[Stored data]
____

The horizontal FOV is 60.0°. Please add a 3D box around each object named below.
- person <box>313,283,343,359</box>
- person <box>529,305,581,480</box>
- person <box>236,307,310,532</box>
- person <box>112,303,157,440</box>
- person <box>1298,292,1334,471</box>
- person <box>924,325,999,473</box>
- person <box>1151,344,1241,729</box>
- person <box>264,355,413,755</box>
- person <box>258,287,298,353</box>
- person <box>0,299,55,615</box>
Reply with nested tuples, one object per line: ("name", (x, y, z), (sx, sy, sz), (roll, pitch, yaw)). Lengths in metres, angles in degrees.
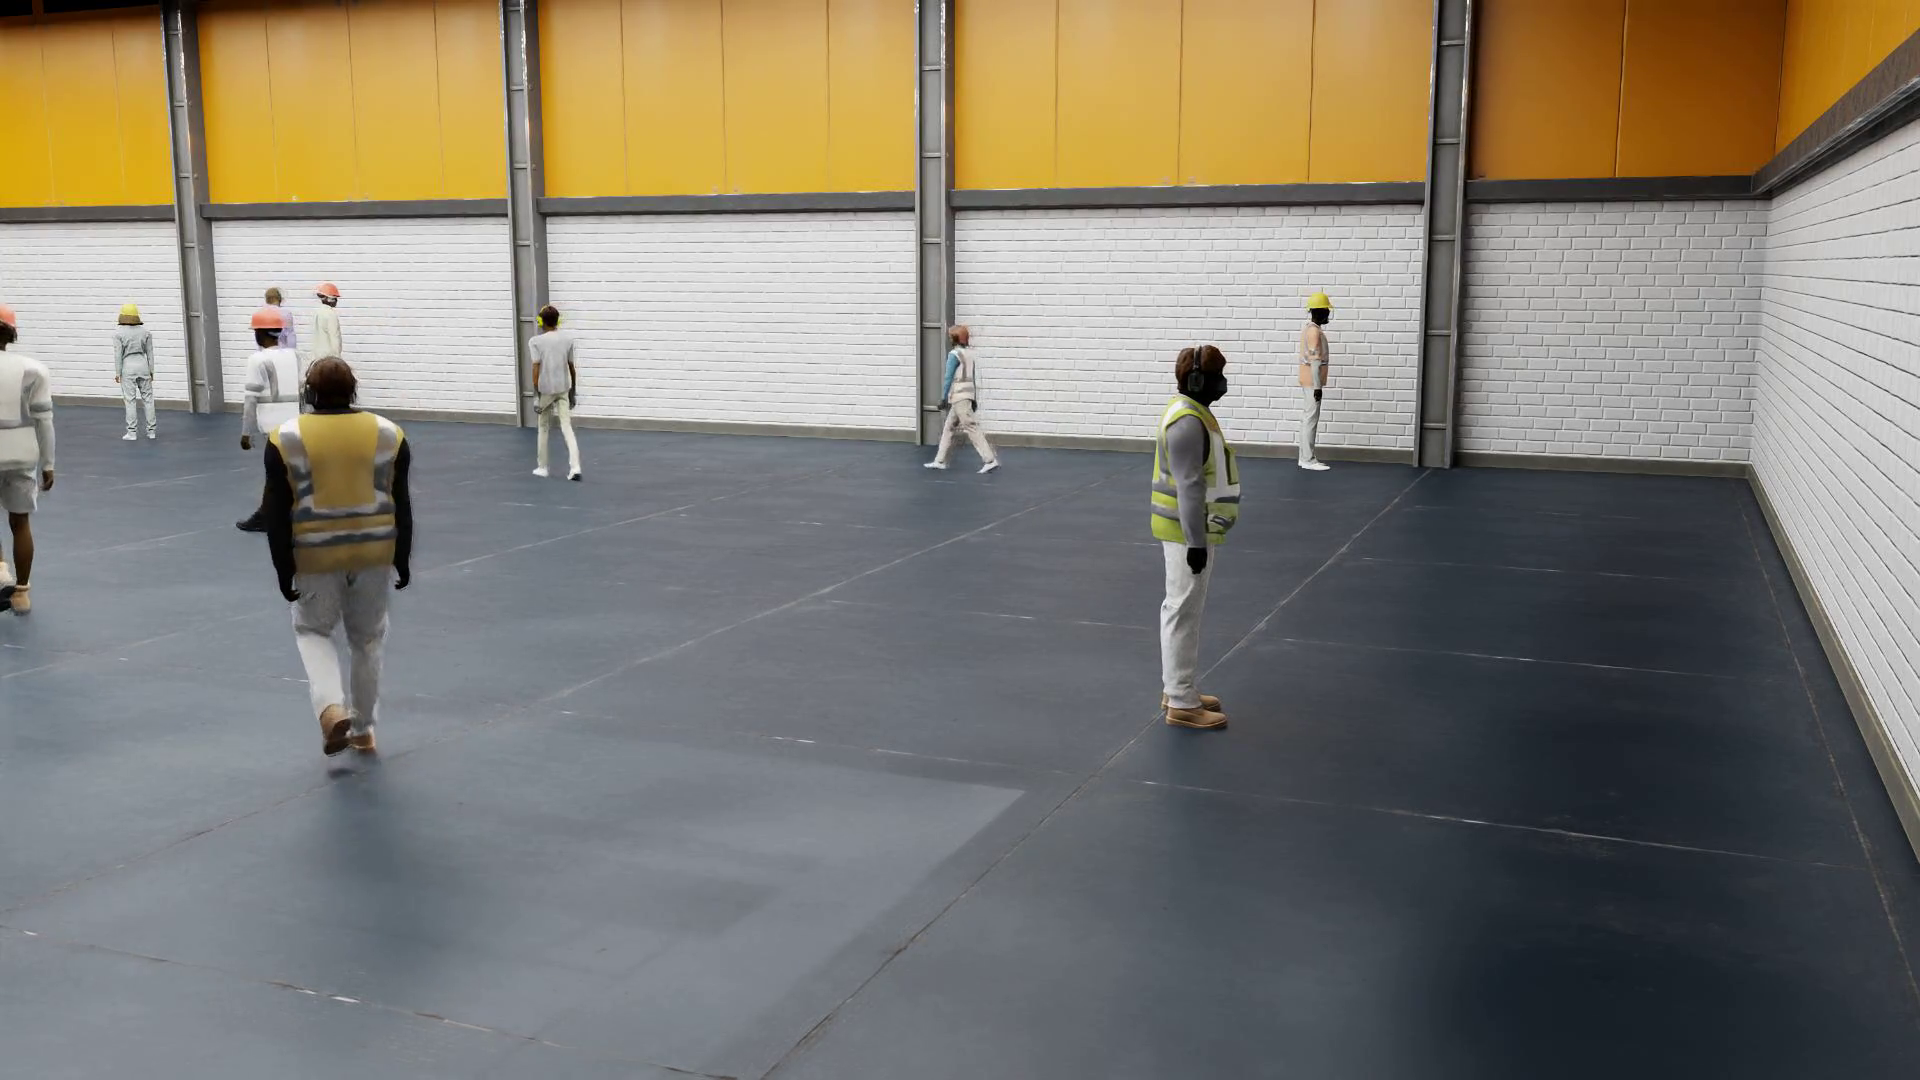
("person", (-8.463, -2.455, 22.379), (0.416, 1.987, 0.650), (-8, 13, -41))
("person", (-4.198, -1.532, 17.305), (0.534, 1.827, 0.973), (-6, 11, -34))
("person", (-5.588, -0.958, 13.644), (1.027, 1.887, 0.558), (3, 10, 19))
("person", (-10.566, -2.154, 21.286), (0.284, 1.746, 0.492), (9, 13, 42))
("person", (3.871, -1.725, 18.130), (0.362, 1.930, 0.587), (1, 9, 5))
("person", (0.041, -1.517, 17.901), (0.891, 1.595, 0.507), (3, 10, 18))
("person", (1.143, -0.025, 8.094), (0.430, 1.845, 0.620), (1, 9, 7))
("person", (-2.761, 0.091, 7.465), (0.625, 1.830, 0.505), (-5, 11, -28))
("person", (-9.561, -2.576, 23.392), (0.771, 1.913, 0.341), (5, 11, 27))
("person", (-6.041, -0.509, 10.478), (0.630, 2.020, 0.478), (-7, 11, -35))

____

#### Task description:
The records above should be duplicated exactly, with none of their pictures kept.

#### Problem solution:
The horizontal FOV is 60.0°. Please add a 3D box around each object named below.
- person <box>313,283,343,359</box>
- person <box>529,305,581,480</box>
- person <box>236,307,310,532</box>
- person <box>112,303,157,440</box>
- person <box>1298,292,1334,471</box>
- person <box>924,325,999,473</box>
- person <box>1151,344,1241,729</box>
- person <box>264,355,413,755</box>
- person <box>258,287,298,353</box>
- person <box>0,299,55,615</box>
Reply with nested tuples, one object per line: ("name", (x, y, z), (sx, sy, sz), (roll, pitch, yaw)). Lengths in metres, angles in degrees.
("person", (-8.463, -2.455, 22.379), (0.416, 1.987, 0.650), (-8, 13, -41))
("person", (-4.198, -1.532, 17.305), (0.534, 1.827, 0.973), (-6, 11, -34))
("person", (-5.588, -0.958, 13.644), (1.027, 1.887, 0.558), (3, 10, 19))
("person", (-10.566, -2.154, 21.286), (0.284, 1.746, 0.492), (9, 13, 42))
("person", (3.871, -1.725, 18.130), (0.362, 1.930, 0.587), (1, 9, 5))
("person", (0.041, -1.517, 17.901), (0.891, 1.595, 0.507), (3, 10, 18))
("person", (1.143, -0.025, 8.094), (0.430, 1.845, 0.620), (1, 9, 7))
("person", (-2.761, 0.091, 7.465), (0.625, 1.830, 0.505), (-5, 11, -28))
("person", (-9.561, -2.576, 23.392), (0.771, 1.913, 0.341), (5, 11, 27))
("person", (-6.041, -0.509, 10.478), (0.630, 2.020, 0.478), (-7, 11, -35))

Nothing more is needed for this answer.